The use case described above should now be thought further to the fact that the laboratory user has a photovoltaic system on his house roof and the electricity provider operates a wind farm. Controllable resources include, for example, a battery storage device, an electric vehicle, a heat pump, a washing machine and a dishwasher. With this information plus the electricity price and electricity mix for the next 24 h alone, it is difficult to plan the devices mentioned in a meaningful way. For example, if the sun shines tomorrow, it might make more sense to wash the laundry when self-generated electricity from an own photovoltaic system is available. However, if it snows tomorrow, it will probably not be possible to wait to operate the heat pump until the electricity is cheap, because by then the house may have cooled down too much. If tomorrow is a public holiday, the laboratory user probably does not want to do the laundry.
The enrichment transforms raw data into smart data, the application of which is much more extensive than that of the original data. At this point, it also makes sense to include the other domains of mobility and logistics in the considerations. As described above, the user can also own an electric vehicle, which means that there is already a link to the mobility sector. Here too, the link can be drawn accordingly: If tomorrow is a Sunday, the trip to work will probably be omitted, no electricity will be required for charging and the vehicle will probably not be on the road at a certain time. The data enriched in this way is of great value for a traffic forecast.

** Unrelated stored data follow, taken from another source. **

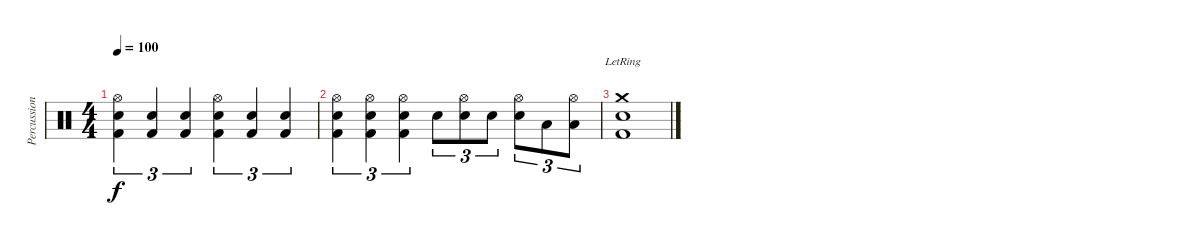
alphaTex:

\track ("Percussion" "Percussion") {instrument percussion}
\staff {score}
\articulation defaults
\ts (4 4)
\tempo 100
\clef neutral
\ks c
("Hi-Hat (open)" "Snare (hit) 2" "Kick (hit) 2").4{tu (3 2) dy f} ("Electric Snare (hit)" "Kick (hit) 2").4{tu (3 2)} ("Electric Snare (hit)" "Kick (hit) 2").4{tu (3 2)} ("Hi-Hat (open)" "Snare (hit) 2" "Kick (hit) 2").4{tu (3 2)} ("Electric Snare (hit)" "Kick (hit) 2").4{tu (3 2)} ("Electric Snare (hit)" "Kick (hit) 2").4{tu (3 2)} |
("Hi-Hat (open)" "Snare (hit) 2" "Kick (hit) 2").4{tu (3 2) volume 5} ("Hi-Hat (open)" "Snare (hit) 2" "Kick (hit) 2").4{tu (3 2)} ("Hi-Hat (open)" "Snare (hit) 2" "Kick (hit) 2").4{tu (3 2)} "Electric Snare (hit)".8{tu (3 2)} ("Hi-Hat (open)" "Electric Snare (hit)").8{tu (3 2)} "Snare (hit) 2".8{tu (3 2)} ("Hi-Hat (open)" "Snare (hit) 2").8{tu (3 2)} "Low Floor Tom (hit)".8{tu (3 2)} ("Hi-Hat (open)" "Low Floor Tom (hit)").8{tu (3 2)} |
("Crash medium (hit)"{lr} "Snare (hit) 2" "Kick (hit) 2").1
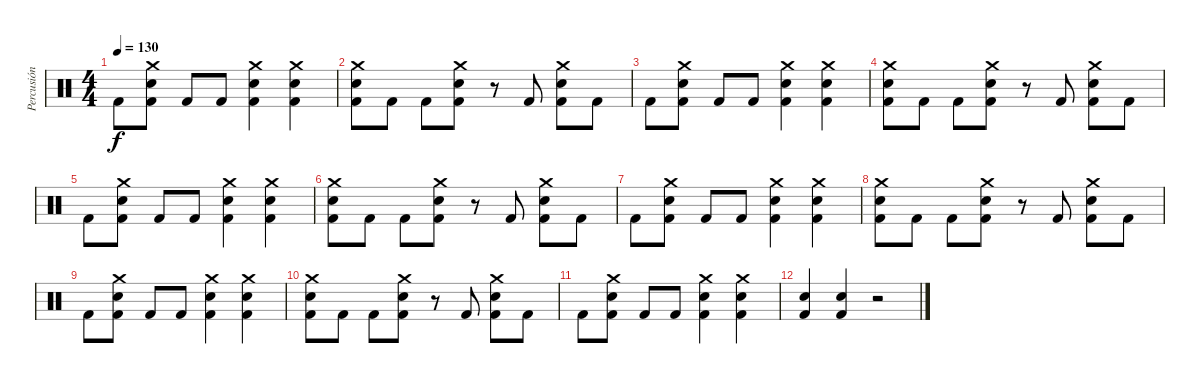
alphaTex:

\track ("Percusión" "Percusión") {instrument percussion}
\staff {score}
\articulation defaults
\ts (4 4)
\tempo 130
\clef neutral
\ks c "Kick (hit) 2".8{dy f}
("Kick (hit) 2" "Snare (hit) 2" "Crash medium (hit)").8 "Kick (hit) 2".8 "Kick (hit) 2".8 ("Kick (hit) 2" "Snare (hit) 2" "Crash medium (hit)").4 ("Kick (hit) 2" "Snare (hit) 2" "Crash medium (hit)").4 |
("Kick (hit) 2" "Snare (hit) 2" "Crash medium (hit)").8 "Kick (hit) 2".8 "Kick (hit) 2".8 ("Kick (hit) 2" "Snare (hit) 2" "Crash medium (hit)").8 r.8 "Kick (hit) 2".8 ("Kick (hit) 2" "Snare (hit) 2" "Crash medium (hit)").8 "Kick (hit) 2".8 |
"Kick (hit) 2".8 ("Kick (hit) 2" "Snare (hit) 2" "Crash medium (hit)").8 "Kick (hit) 2".8 "Kick (hit) 2".8 ("Kick (hit) 2" "Snare (hit) 2" "Crash medium (hit)").4 ("Kick (hit) 2" "Snare (hit) 2" "Crash medium (hit)").4 |
("Kick (hit) 2" "Snare (hit) 2" "Crash medium (hit)").8 "Kick (hit) 2".8 "Kick (hit) 2".8 ("Kick (hit) 2" "Snare (hit) 2" "Crash medium (hit)").8 r.8 "Kick (hit) 2".8 ("Kick (hit) 2" "Snare (hit) 2" "Crash medium (hit)").8 "Kick (hit) 2".8 |
"Kick (hit) 2".8 ("Kick (hit) 2" "Snare (hit) 2" "Crash medium (hit)").8 "Kick (hit) 2".8 "Kick (hit) 2".8 ("Kick (hit) 2" "Snare (hit) 2" "Crash medium (hit)").4 ("Kick (hit) 2" "Snare (hit) 2" "Crash medium (hit)").4 |
("Kick (hit) 2" "Snare (hit) 2" "Crash medium (hit)").8 "Kick (hit) 2".8 "Kick (hit) 2".8 ("Kick (hit) 2" "Snare (hit) 2" "Crash medium (hit)").8 r.8 "Kick (hit) 2".8 ("Kick (hit) 2" "Snare (hit) 2" "Crash medium (hit)").8 "Kick (hit) 2".8 |
"Kick (hit) 2".8 ("Kick (hit) 2" "Snare (hit) 2" "Crash medium (hit)").8 "Kick (hit) 2".8 "Kick (hit) 2".8 ("Kick (hit) 2" "Snare (hit) 2" "Crash medium (hit)").4 ("Kick (hit) 2" "Snare (hit) 2" "Crash medium (hit)").4 |
("Kick (hit) 2" "Snare (hit) 2" "Crash medium (hit)").8 "Kick (hit) 2".8 "Kick (hit) 2".8 ("Kick (hit) 2" "Snare (hit) 2" "Crash medium (hit)").8 r.8 "Kick (hit) 2".8 ("Kick (hit) 2" "Snare (hit) 2" "Crash medium (hit)").8 "Kick (hit) 2".8 |
"Kick (hit) 2".8 ("Kick (hit) 2" "Snare (hit) 2" "Crash medium (hit)").8 "Kick (hit) 2".8 "Kick (hit) 2".8 ("Kick (hit) 2" "Snare (hit) 2" "Crash medium (hit)").4 ("Kick (hit) 2" "Snare (hit) 2" "Crash medium (hit)").4 |
("Kick (hit) 2" "Snare (hit) 2" "Crash medium (hit)").8 "Kick (hit) 2".8 "Kick (hit) 2".8 ("Kick (hit) 2" "Snare (hit) 2" "Crash medium (hit)").8 r.8 "Kick (hit) 2".8 ("Kick (hit) 2" "Snare (hit) 2" "Crash medium (hit)").8 "Kick (hit) 2".8 |
"Kick (hit) 2".8 ("Kick (hit) 2" "Snare (hit) 2" "Crash medium (hit)").8 "Kick (hit) 2".8 "Kick (hit) 2".8 ("Kick (hit) 2" "Snare (hit) 2" "Crash medium (hit)").4 ("Kick (hit) 2" "Snare (hit) 2" "Crash medium (hit)").4 |
("Kick (hit) 2" "Snare (hit) 2").4 ("Kick (hit) 2" "Snare (hit) 2").4 r.2
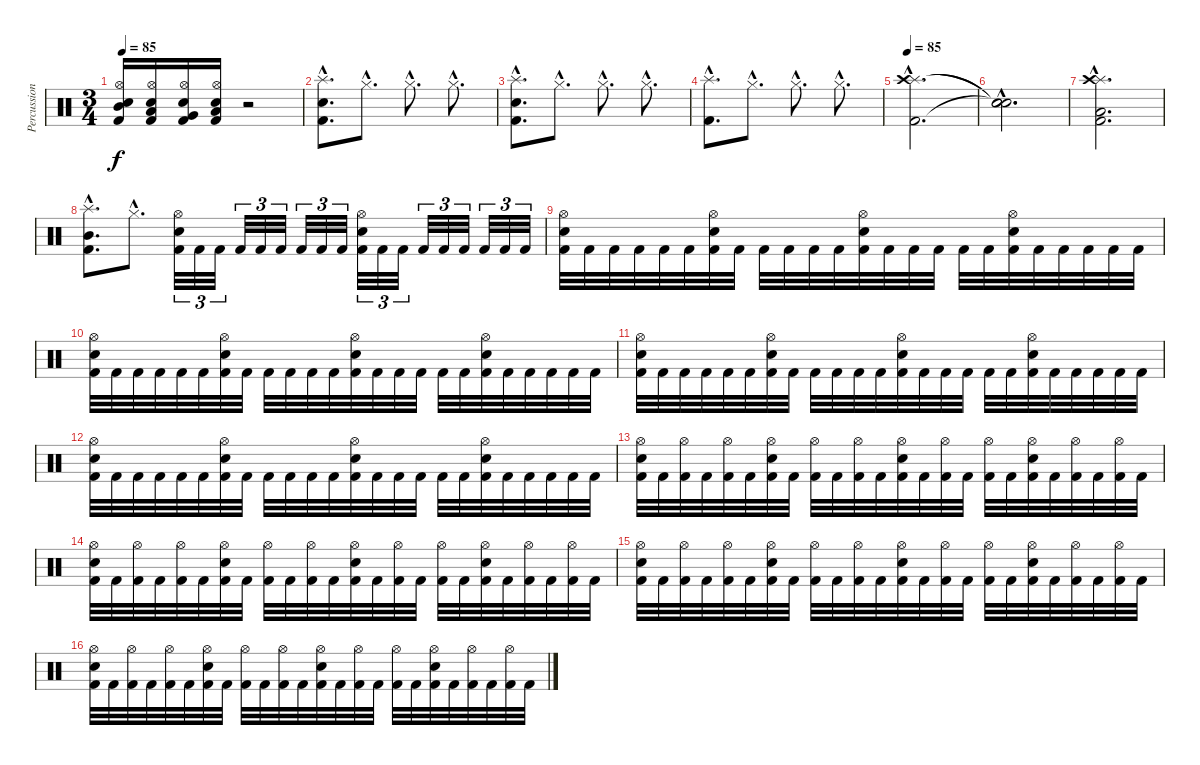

5. Energy Optimization with the Bauhaus.MobilityLab Platform

5.1. Energy Management System

The basic functions of an extensive energy management system are required to manage the energy data for the use case described above, to carry out forecasts and optimizations and save the laboratory users’ assets. In the following, the requirements for such a system that needs to be brought to the laboratory platform are described.
The time series management needs to be designed and audit proven, to meet the requirements of the energy industry. The revision security needs to include the archiving and versioning of data. This will enable the user to track data changes and their causes at any time. Earlier versions of a time series should be recoverable. With the ability to have several independent clients, time series need to be saved separately and securely from one another. In the use case shown here, it is for example possible to map several districts in one database instance. The time series management function should enable various unit conversions to be carried out and can save values with a resolution of up to 1 min. In the case of the use case considered here, storage takes place in a 15 min grid, as is common in the energy industry.
For the described use case, we will also need various proven and tested functions for time series forecasting, especially in the energy domain. The needed functions for the time series forecast should be made available on the laboratory platform as part of the Bauhaus.MobilityLab. The forecast of energy data is not trivial as it depends on a large number of different parameters. These can be weather, calendar, production plans from local companies, events or public holidays. All of this information flows together in the time series forecast and is considered in it. Here comes the benefit of the Bauhaus.MobilityLab platform into place. It will contain all the mentioned, required information of the district of Brühl for the forecasting.
Another module needed for the shown use case is the optimization, which should also be available in the Bauhaus.MobilityLab laboratory platform. As part of the optimization, simple or complex systems need to be modelled, which are then optimized for specific parameters. In the case of the shown use case, the systems would be the individual controllable resources that are available at the laboratory customer and the parameters that need to be optimized are the electricity consumption or the electricity price, depending on the user’s preference. To be able to map the devices in the optimization model, the assets must be known accordingly. The asset management function in the Bauhaus.MobilityLab laboratory platform is provided via an API, thus enabling lab users to manage their devices and optimize the optimization module according to the parameters set by the laboratory user.
Such an energy management system is available with the EMS-EDM PROPHET® solution, that fulfils all the above-described requirements for the usage in the laboratory platform. Since it is an established system that is used by various energy companies, the inhibition threshold is low to provide sensitive data for the use case. Forecasts of electricity, gas and district heating time series are possible, including various AI-based forecasts, which are also being further developed within the framework of the Bauhaus.MobilityLab. In EMS-EDM PROPHET®, both the training and the tuning of the forecasts are possible. Besides the established forecast algorithms provided by the energy management system, new algorithms, such as self-optimizing and self-learning forecast, will also be incorporated into the Bauhaus.MobilityLab laboratory platform and currently being investigated in various research projects. Bringing the forecast algorithms directly onto the platform enables them to use the district-specific data, that is stored and/or calculated in the platform. Figure 2 shows the principle of the integration into the Bauhaus.MobilityLab.
The devices of the lab user can be managed in the asset management module of EMS-EDM PROPHET®. The asset management makes it possible to manage controllable and technical resources. Corresponding parameters such as minimum and maximum output and various time series can be stored for the assets. A quality monitoring function is used to constantly monitor the forecasts made for an asset by comparing the measured value time series with the forecast time series. In this way, appropriate forecast settings can be tried out and optimized.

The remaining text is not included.